Повести о карме - Олди Генри Лайон. Страница 17
– Умереть?
– Да, господин.
– Что же мешало ему вспороть себе живот? Утопиться? Кинуться с обрыва?!
– Он хотел, чтобы его убили. Чтобы его прикончил кто-то из стражников. Кажется, у него был зуб на стражу. Он бросался головой вперед и размахивал дубовым мечом. Очень тяжелым мечом, господин. Старшине он причинил много хлопот, да и мне досталось. В ответ мы тоже били очень сильно. Думаю, рано или поздно кто-нибудь попал бы ему по голове. А там и до смерти недалеко. Если череп треснул, много ли надо?
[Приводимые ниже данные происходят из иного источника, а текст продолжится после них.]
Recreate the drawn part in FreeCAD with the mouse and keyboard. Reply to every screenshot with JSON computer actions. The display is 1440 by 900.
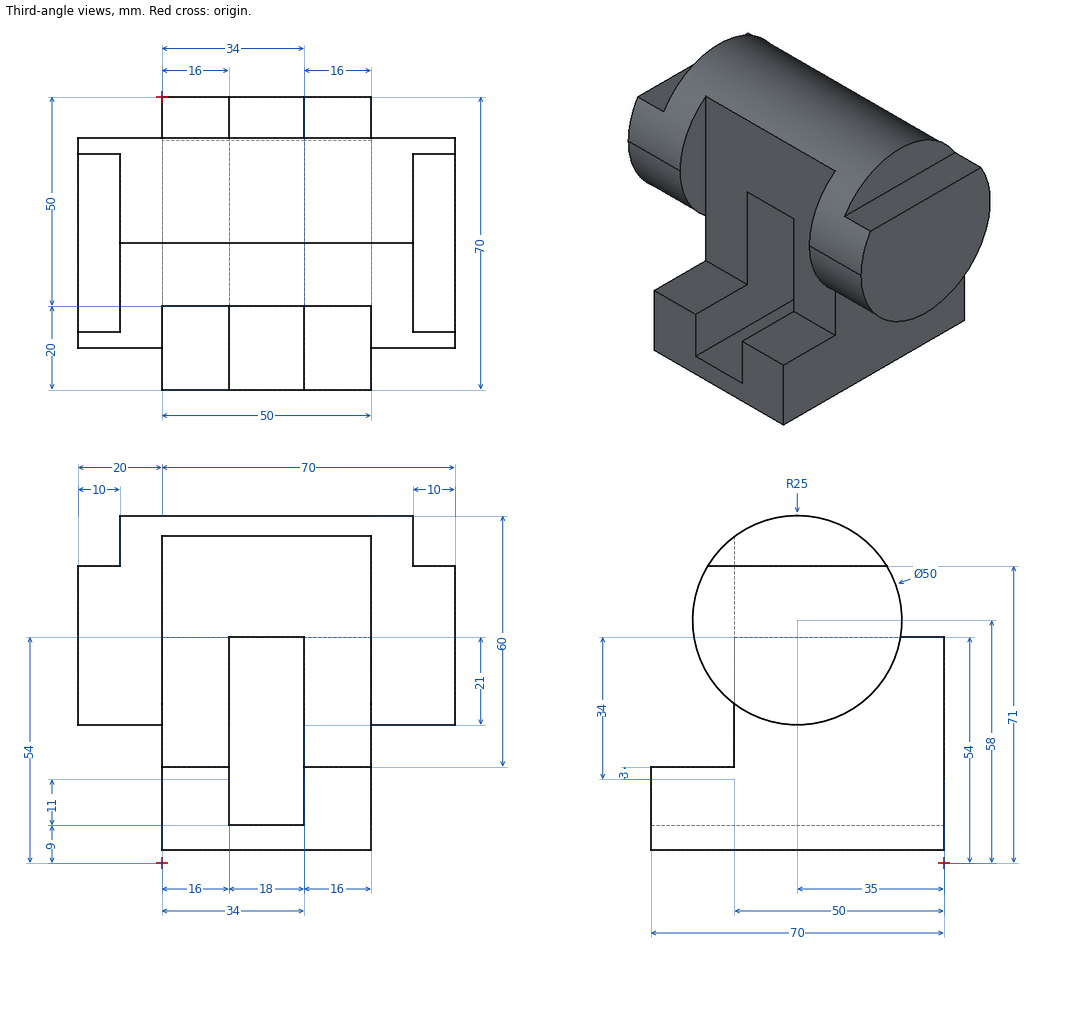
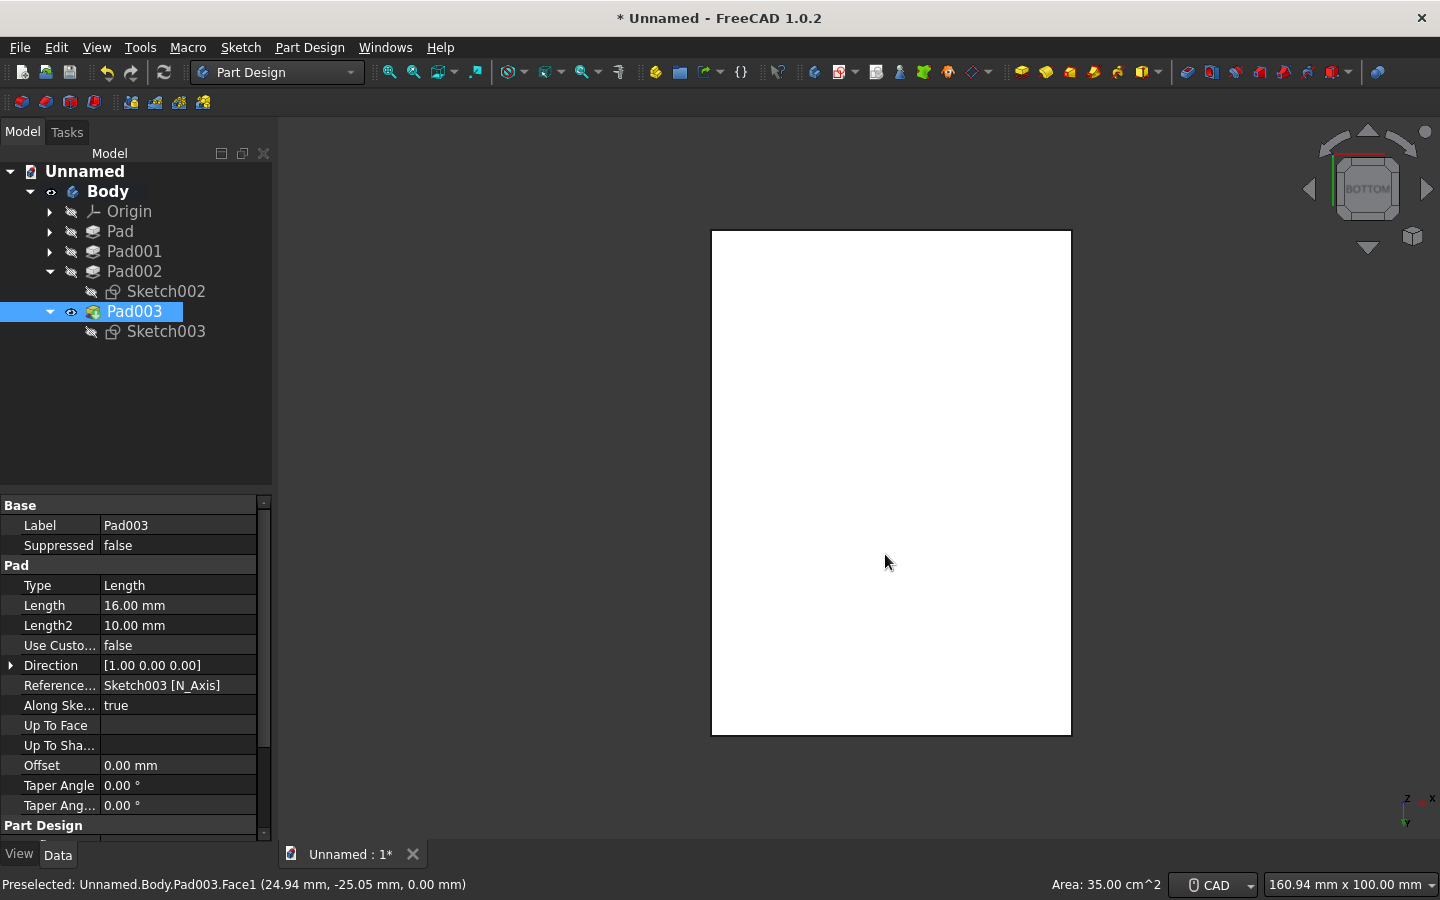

– Допустим, кто-то из вас убил бы его. Но убийцу тут же задержали бы! Отправили бы в тюрьму! В своем теле, в чужом – в любом случае ронин закончил бы свои дни на Острове Девяти Смертей! На что он рассчитывал?!
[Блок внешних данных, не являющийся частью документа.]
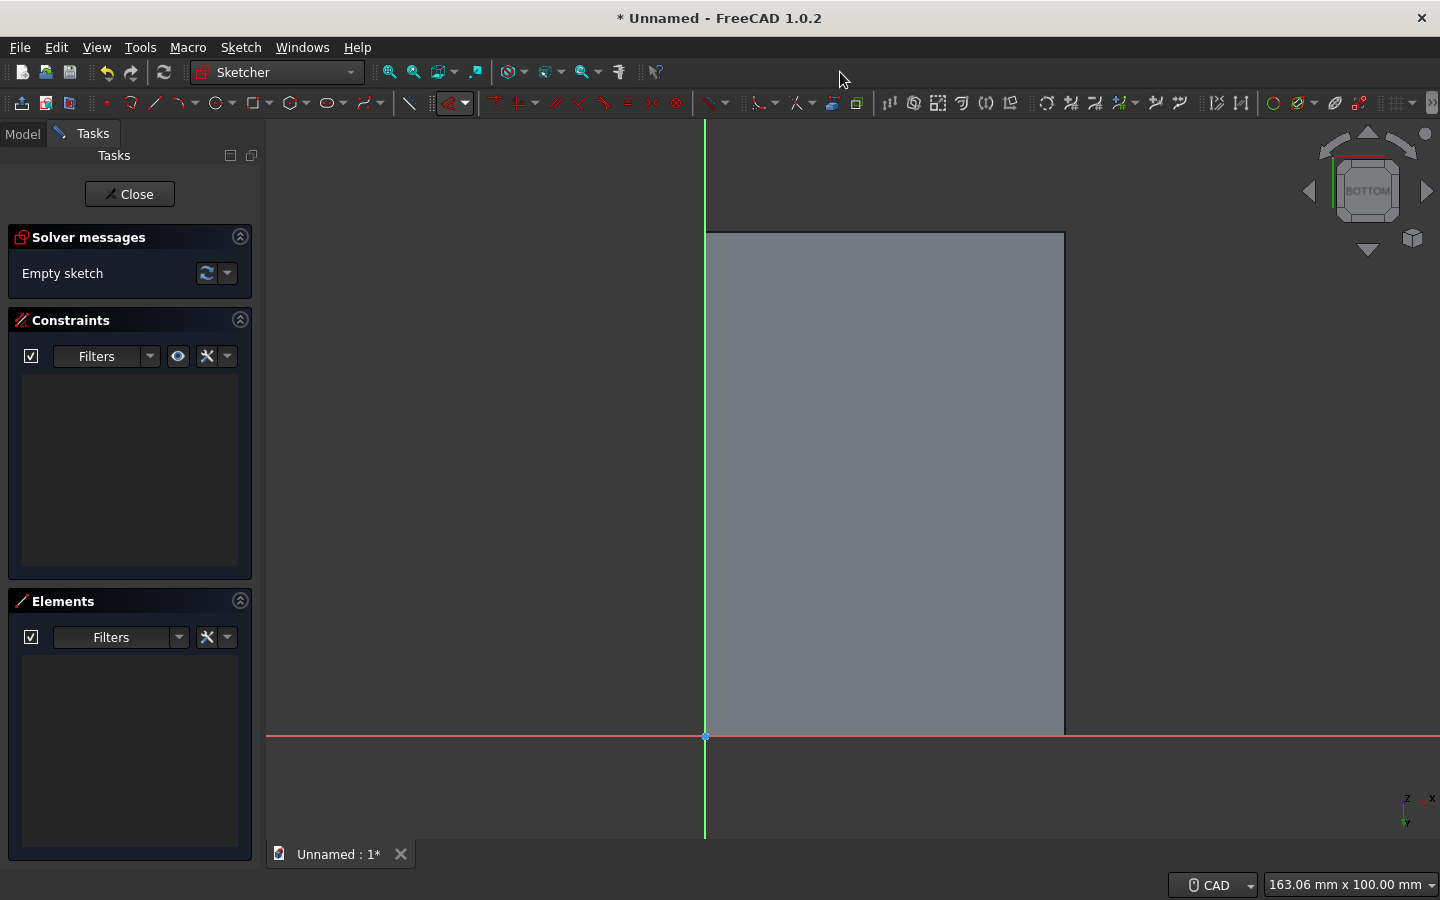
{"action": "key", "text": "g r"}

– Это да, конечно. Фуккацу! Но так бы негодяй отправил стражника в ад. Причинил бы вред его семье. Заставил бы плакать жену и детей. Захватил бы чужое тело. Думаю, это принесло бы ему удовлетворение.
– Пожалуй. С новым здоровым телом можно надеяться и на побег. Значит, ронин искал смерти в бою? Жаждал мести? А старшина караула это понял и отозвал вас?
– Выходит, что так.
– И взял ронина живым? С помощью боевого ухвата?
– Да, господин.
– Где ронин сейчас?
– Мы с Хидео-сан доставили его в тюрьму Бомбори.
– Живым?
– Когда мы ушли из тюрьмы, он был ещё живой. Если он и умрёт, то не по нашей вине.
– Ушибы?
– Да, и сильные! Локоть, колено…
Влетев в аптеку, я не сразу отдышался. Запыхался, пока бежал. А когда оказался внутри и имел неосторожность вдохнуть полной грудью – едва не лишился чувств. Ядрёная смесь лекарственных ароматов оглушила меня. Перед глазами всё поплыло, я ухватился за прилавок, чтобы не упасть. Аптекарь решил, что помощь нужна мне, но я в конце концов всё ему объяснил.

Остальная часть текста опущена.